--- WHAT THE TASK ASKS ---
In the listing below, print exactly the lines from the first through the one that contains "name: x=_ y=_".

--- DATA ---

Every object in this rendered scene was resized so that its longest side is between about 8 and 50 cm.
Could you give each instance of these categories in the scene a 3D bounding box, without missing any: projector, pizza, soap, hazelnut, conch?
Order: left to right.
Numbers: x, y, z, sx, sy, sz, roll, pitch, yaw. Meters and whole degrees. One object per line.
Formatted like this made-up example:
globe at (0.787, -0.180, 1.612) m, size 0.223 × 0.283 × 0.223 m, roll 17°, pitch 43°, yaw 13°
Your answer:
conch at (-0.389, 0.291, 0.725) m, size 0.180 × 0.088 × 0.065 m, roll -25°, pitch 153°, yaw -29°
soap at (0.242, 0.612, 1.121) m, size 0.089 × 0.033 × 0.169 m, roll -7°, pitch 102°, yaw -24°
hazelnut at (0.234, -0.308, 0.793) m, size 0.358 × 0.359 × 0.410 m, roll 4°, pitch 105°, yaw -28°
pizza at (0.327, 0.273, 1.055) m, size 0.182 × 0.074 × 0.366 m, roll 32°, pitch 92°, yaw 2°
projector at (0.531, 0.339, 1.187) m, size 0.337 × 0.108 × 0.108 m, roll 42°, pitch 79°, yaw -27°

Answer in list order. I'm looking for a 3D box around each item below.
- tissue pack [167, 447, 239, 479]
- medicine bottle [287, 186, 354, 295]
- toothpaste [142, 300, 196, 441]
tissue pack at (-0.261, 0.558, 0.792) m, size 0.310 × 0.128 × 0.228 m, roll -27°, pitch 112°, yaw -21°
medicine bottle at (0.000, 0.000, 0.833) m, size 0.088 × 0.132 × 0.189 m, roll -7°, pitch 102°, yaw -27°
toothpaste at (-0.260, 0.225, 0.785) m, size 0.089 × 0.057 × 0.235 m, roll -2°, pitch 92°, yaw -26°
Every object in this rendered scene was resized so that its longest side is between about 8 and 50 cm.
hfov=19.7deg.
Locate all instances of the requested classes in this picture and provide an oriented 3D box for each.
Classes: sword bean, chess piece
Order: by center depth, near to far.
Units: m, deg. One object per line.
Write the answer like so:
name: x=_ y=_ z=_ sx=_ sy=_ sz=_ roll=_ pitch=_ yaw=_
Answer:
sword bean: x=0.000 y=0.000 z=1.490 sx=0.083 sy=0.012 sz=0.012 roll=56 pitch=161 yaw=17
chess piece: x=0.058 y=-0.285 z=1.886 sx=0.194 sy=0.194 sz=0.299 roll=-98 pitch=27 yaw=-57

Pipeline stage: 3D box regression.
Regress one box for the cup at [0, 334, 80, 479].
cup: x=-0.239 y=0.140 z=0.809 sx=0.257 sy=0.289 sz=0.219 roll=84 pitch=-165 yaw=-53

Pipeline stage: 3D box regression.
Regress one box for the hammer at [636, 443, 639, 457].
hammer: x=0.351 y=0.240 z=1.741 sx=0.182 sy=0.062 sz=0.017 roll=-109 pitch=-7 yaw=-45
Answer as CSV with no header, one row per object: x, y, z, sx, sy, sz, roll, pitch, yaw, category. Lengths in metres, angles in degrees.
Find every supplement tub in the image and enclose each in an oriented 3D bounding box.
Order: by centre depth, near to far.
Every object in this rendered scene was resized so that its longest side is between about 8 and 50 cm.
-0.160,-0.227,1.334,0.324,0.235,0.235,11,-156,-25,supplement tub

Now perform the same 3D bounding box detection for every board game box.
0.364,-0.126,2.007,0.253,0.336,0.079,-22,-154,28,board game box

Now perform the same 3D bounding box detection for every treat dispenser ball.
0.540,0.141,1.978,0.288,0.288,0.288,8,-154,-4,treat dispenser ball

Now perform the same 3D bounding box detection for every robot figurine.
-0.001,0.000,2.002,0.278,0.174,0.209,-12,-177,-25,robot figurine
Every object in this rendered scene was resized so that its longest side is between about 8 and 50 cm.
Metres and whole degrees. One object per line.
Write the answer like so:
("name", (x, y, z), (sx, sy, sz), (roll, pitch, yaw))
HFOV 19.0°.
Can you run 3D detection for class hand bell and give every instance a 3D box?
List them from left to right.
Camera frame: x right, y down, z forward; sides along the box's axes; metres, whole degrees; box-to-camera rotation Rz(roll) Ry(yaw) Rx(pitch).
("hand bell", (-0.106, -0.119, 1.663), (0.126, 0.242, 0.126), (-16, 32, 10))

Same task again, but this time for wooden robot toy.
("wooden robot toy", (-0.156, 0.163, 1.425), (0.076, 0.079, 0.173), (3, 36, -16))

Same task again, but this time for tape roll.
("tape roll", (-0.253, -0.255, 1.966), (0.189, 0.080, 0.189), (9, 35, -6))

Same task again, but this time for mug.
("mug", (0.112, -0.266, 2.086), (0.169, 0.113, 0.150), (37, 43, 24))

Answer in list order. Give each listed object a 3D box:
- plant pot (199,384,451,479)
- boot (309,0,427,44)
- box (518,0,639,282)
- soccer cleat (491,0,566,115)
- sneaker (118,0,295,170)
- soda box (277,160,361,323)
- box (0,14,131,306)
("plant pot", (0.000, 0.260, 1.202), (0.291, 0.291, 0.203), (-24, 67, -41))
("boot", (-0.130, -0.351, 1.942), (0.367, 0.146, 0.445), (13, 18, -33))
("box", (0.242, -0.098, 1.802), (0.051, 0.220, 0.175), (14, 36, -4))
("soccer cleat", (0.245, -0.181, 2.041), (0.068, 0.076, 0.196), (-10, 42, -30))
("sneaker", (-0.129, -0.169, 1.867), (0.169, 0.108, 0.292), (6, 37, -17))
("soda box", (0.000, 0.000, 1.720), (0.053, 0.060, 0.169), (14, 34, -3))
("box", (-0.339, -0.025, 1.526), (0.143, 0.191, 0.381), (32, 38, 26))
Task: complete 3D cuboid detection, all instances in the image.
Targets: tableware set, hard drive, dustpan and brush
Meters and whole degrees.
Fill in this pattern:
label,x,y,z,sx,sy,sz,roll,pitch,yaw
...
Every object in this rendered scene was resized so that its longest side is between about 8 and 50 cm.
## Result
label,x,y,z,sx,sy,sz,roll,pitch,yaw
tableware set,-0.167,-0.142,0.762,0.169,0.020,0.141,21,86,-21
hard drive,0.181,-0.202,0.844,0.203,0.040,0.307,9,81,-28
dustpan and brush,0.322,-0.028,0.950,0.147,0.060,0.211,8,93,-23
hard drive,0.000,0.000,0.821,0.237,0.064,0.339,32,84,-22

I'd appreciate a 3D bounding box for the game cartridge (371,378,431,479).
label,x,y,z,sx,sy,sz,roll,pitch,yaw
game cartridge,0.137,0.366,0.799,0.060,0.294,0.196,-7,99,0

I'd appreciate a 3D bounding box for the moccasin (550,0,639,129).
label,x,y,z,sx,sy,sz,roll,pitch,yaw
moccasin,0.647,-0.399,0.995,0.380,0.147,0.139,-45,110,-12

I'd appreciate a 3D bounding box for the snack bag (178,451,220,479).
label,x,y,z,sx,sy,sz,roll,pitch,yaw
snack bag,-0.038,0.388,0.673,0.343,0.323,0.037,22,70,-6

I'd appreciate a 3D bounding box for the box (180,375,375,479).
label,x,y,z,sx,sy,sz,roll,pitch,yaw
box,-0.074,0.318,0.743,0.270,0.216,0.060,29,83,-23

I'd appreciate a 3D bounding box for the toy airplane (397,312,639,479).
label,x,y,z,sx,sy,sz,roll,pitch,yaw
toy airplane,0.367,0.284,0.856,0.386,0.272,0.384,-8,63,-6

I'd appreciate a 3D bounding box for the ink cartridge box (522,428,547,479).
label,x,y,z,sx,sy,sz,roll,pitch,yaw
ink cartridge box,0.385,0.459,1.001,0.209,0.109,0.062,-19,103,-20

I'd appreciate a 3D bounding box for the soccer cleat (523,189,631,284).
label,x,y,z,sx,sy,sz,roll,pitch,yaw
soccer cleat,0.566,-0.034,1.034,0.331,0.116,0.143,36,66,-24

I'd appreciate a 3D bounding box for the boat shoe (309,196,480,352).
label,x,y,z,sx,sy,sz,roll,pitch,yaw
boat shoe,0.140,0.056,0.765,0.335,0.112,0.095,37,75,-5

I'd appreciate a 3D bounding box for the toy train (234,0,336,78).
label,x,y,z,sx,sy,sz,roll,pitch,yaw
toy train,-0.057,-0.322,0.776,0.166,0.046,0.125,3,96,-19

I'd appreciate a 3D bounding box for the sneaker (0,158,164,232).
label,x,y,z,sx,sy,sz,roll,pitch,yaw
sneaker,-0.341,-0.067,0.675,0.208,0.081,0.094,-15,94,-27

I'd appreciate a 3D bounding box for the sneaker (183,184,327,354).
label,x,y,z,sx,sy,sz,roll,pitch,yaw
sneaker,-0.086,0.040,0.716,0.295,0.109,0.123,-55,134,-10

--- ANSWER BOX ---
Every object in this rendered scene was resized so that its longest side is between about 8 and 50 cm.
Could you give each instance of these categories in the scene a 3D bounding box, without missing any: projector, pizza, soap, hazelnut, conch?
Order: left to right.
Numbers: x, y, z, sx, sy, sz, roll, pitch, yaw. Meters and whole degrees. One object per line.
Formatted like this made-up example:
globe at (0.787, -0.180, 1.612) m, size 0.223 × 0.283 × 0.223 m, roll 17°, pitch 43°, yaw 13°
Your answer:
conch at (-0.389, 0.291, 0.725) m, size 0.180 × 0.088 × 0.065 m, roll -25°, pitch 153°, yaw -29°
soap at (0.242, 0.612, 1.121) m, size 0.089 × 0.033 × 0.169 m, roll -7°, pitch 102°, yaw -24°
hazelnut at (0.234, -0.308, 0.793) m, size 0.358 × 0.359 × 0.410 m, roll 4°, pitch 105°, yaw -28°
pizza at (0.327, 0.273, 1.055) m, size 0.182 × 0.074 × 0.366 m, roll 32°, pitch 92°, yaw 2°
projector at (0.531, 0.339, 1.187) m, size 0.337 × 0.108 × 0.108 m, roll 42°, pitch 79°, yaw -27°

Answer in list order. I'm looking for a 3D box around each item below.
- tissue pack [167, 447, 239, 479]
- medicine bottle [287, 186, 354, 295]
- toothpaste [142, 300, 196, 441]
tissue pack at (-0.261, 0.558, 0.792) m, size 0.310 × 0.128 × 0.228 m, roll -27°, pitch 112°, yaw -21°
medicine bottle at (0.000, 0.000, 0.833) m, size 0.088 × 0.132 × 0.189 m, roll -7°, pitch 102°, yaw -27°
toothpaste at (-0.260, 0.225, 0.785) m, size 0.089 × 0.057 × 0.235 m, roll -2°, pitch 92°, yaw -26°
Every object in this rendered scene was resized so that its longest side is between about 8 and 50 cm.
hfov=19.7deg.
Locate all instances of the requested classes in this picture and provide an oriented 3D box for each.
Classes: sword bean, chess piece
Order: by center depth, near to far.
Units: m, deg. One object per line.
Write the answer like so:
name: x=_ y=_ z=_ sx=_ sy=_ sz=_ roll=_ pitch=_ yaw=_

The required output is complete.